NEW YORK — Former United States Vice President Al Gore struck an optimistic tone on Tuesday as he posed three questions on climate change action: Must we change, can we change, and will we change? The answer to all three was a definitive — and necessary — “yes,” Gore told a room of investors and climate change experts at the FT Climate Finance Summit.
Changing investment practices offer some hope to mitigate and adapt to climate change’s effects by fully integrating sustainability approaches. This is increasingly seen as a the smart option, explained Gore, the co-founder of the sustainable research and investment firm Generation Investment Management.
“There is an increasing sense the way capitalism operates is overdue for a more careful examination and in the investing world there is a very powerful movement,” Gore said. “The integration of sustainability into the investing process is very difficult, but it can be done and it can be done quite successfully in ways that do not require trading of value for values.”
Signs of change are evident everywhere from the U.S. labor market — where the fastest growing occupations are solar installers and wind turbine service technicians — to Norway, where the world’s sovereign wealth fund is considering divesting entirely from oil and gas companies, Gore said.
“What we are seeing in the world today — I am convinced — are the early stages of a sustainability revolution that has the magnitude of the industrial revolution, but the speed of the digital revolution,” Gore said. “It is as disruptive as we saw with the digital revolution’s effect on a wide sector of the economy … and it is transforming the global economy at warp speed.”
Academic evidence increasingly shows that full integration of sustainability actually produces returns, Gore explained.
“We have assumed for 150 years that the natural systems of the planet are capable of infinite regeneration and can absorb whatever insults we hurl its way,” Gore said at the New York conference. “We humans are now the largest force of nature, and as a consequence we are now seeing a re-examination of how this collision might be mitigated, how we can change this collision and avoid the harsh consequences.”

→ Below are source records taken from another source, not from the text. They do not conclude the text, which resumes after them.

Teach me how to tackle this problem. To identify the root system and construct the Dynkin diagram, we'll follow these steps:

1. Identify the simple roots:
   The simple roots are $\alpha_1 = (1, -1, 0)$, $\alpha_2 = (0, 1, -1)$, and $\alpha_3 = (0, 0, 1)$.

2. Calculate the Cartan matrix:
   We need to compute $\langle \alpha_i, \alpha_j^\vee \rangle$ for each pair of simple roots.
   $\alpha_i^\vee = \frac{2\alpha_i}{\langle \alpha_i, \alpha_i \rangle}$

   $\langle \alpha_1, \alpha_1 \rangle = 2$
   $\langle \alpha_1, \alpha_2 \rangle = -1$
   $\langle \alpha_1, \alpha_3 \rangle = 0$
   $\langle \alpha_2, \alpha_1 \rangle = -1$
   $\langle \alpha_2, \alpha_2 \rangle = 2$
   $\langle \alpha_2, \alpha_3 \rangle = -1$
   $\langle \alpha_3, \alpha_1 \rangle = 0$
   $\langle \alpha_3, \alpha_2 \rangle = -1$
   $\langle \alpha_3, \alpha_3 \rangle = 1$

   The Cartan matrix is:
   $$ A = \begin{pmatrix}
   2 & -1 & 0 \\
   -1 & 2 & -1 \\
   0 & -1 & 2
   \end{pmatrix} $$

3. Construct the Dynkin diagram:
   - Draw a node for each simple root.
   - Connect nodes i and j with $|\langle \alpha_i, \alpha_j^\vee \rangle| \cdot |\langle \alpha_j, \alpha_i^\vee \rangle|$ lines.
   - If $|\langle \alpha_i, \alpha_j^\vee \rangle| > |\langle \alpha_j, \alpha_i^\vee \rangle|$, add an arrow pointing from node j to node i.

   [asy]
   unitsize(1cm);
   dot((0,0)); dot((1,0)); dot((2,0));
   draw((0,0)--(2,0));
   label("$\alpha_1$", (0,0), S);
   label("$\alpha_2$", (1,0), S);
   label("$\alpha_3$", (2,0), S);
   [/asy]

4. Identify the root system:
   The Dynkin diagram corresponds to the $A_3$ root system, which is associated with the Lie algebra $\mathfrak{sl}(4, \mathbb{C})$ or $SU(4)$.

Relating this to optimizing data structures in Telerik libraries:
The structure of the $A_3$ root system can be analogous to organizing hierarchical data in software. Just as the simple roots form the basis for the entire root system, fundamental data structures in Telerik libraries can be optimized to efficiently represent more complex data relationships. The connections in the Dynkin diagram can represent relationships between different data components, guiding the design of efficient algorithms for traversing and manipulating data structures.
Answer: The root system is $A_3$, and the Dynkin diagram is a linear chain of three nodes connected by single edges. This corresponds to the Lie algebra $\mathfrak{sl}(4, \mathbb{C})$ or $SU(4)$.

Gore detailed some of the myriad impacts climate change will continue to inflict.
Seventeen of the 18 hottest years ever recovered have occurred since 2001 — and the four hottest have been tracked within the last four years. Super storms and hurricanes hitting places like New York — which experienced Hurricane Sandy, a 1 in 500 year event, in 2012 — will become 1 in 5 year events by mid-century. And half of the world’s species could become extinct by the end of the century, Gore said.
Climate-smart investing is also seen as an important factor in making gains on reducing global poverty, according to the World Bank. The financial impact of natural disasters in 117 countries is equivalent to $520 billion loss in annual consumption, and forces 26 million people into poverty annually.
In September, the World Bank — which estimated in 2015 that 28 percent of its lending would be linked to climate investments by 2020 — and the United Nations jointly announced plans for a new climate platform. “Invest4Climate” is aimed at connecting different partners and helping governments identify smart climate projects and reduce risks, as Devex reported.
It could cost developing countries between $300 to $500 billion annually by 2050 to reduce their greenhouse gas emissions and adapt to climate change.
Changing policies and politics could affect the “pace of change,” but the direction towards sustainable solutions is “undeniable,” Gore said. Previous concern of the U.S. withdrawing from the 2015 Paris Agreement on climate change was not fully warranted, he explained, as every other country reaffirmed or “doubled down” on their commitments. And regardless of Trump’s plans, the U.S. is still on track to meet or exceed its Paris commitment to dramatically reduce emissions by 2025.
“This is an an existential threat to human civilization. Indeed, we can and we are changing. We are not changing fast enough, but because of the sustainability revolution this change is accelerating,” Gore said. “The markets are saying yes and governments in Paris made a truly historic change, signaling the direction of travel can hardly be overstated.”